Your base rub sounds like mine minus the coffee.  Try using smoked paprika in place of the standard stuff, a little Chilli powder, Cummin and a dash of cinnamon.


----------



## smokin jaynh (Apr 1, 2017)

I often try to turn it up a notch with my rubs. I mostly do a Kansas city style for my pork and chicken. My beef is a bit different. 

Adding some dry mustard can tweak the flavor a bit. My favorite secret, which I don't tell people to often, is Ginger powder. Adds a nice complex layer of flavor, don't over do it. 

For heat, I'll add some smoked hot paprika in addition to regular paprika. Also the basic cayenne pepper or even some Red flake. Depends on your taste. Little extra black pepper(freshly ground or course) could do the trick also. 

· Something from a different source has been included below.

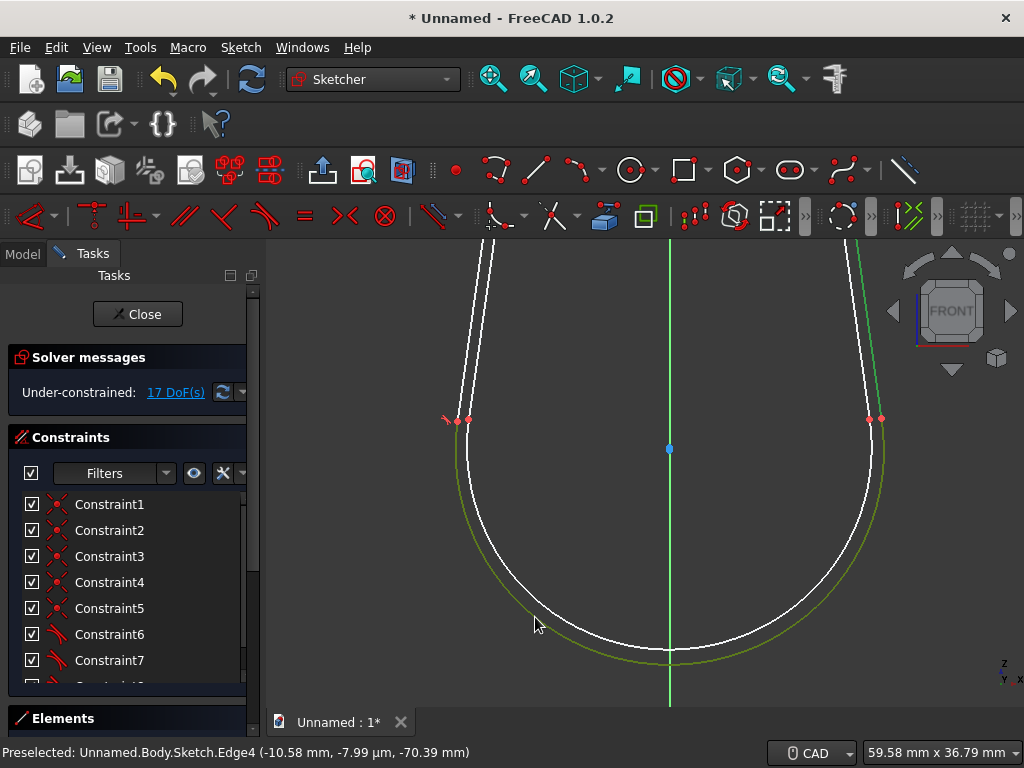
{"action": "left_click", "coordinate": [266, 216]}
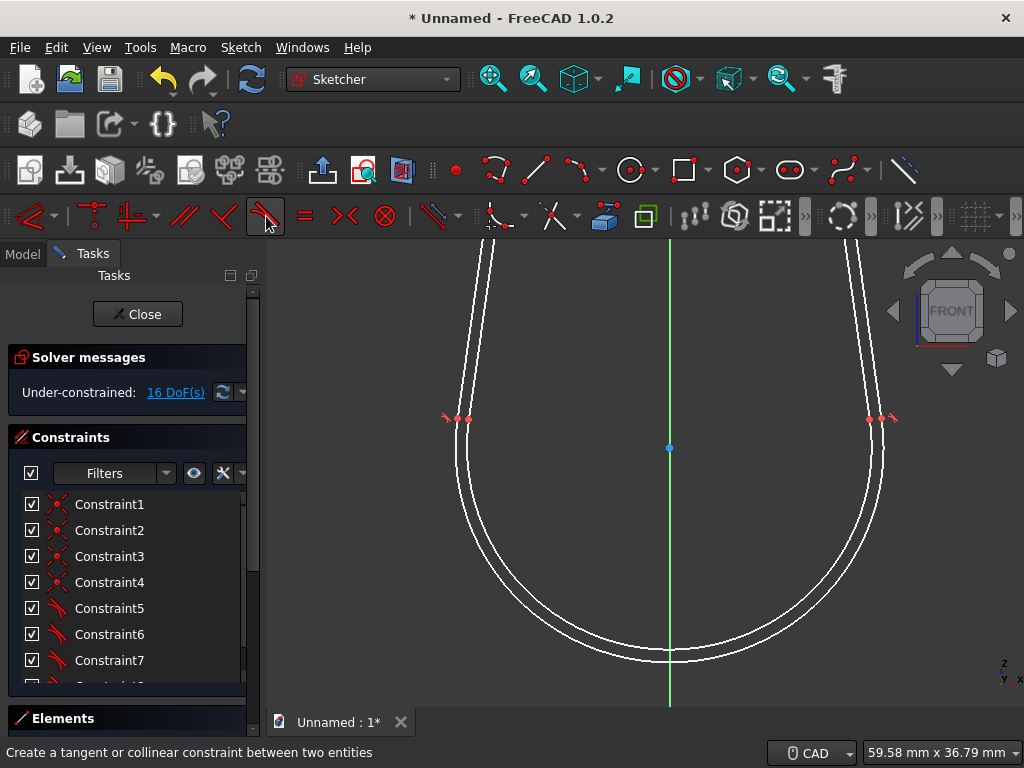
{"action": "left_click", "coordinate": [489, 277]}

For sweetness I usually rely on the brown sugar I add, but beyond that it's a hefty dose of Agave syrup or being from the northeast I love to add some real maple syrup when I wrap with foil. 

My question is, how are you guys preparing meat before the rub? I tend to slather in a yellow mustard simply for the vinegar properties. I heard someone say to use an oil before the rub which doesn't make much sence to me seeing I was always taught to never add a fat to a fat. 

Thoughts?


----------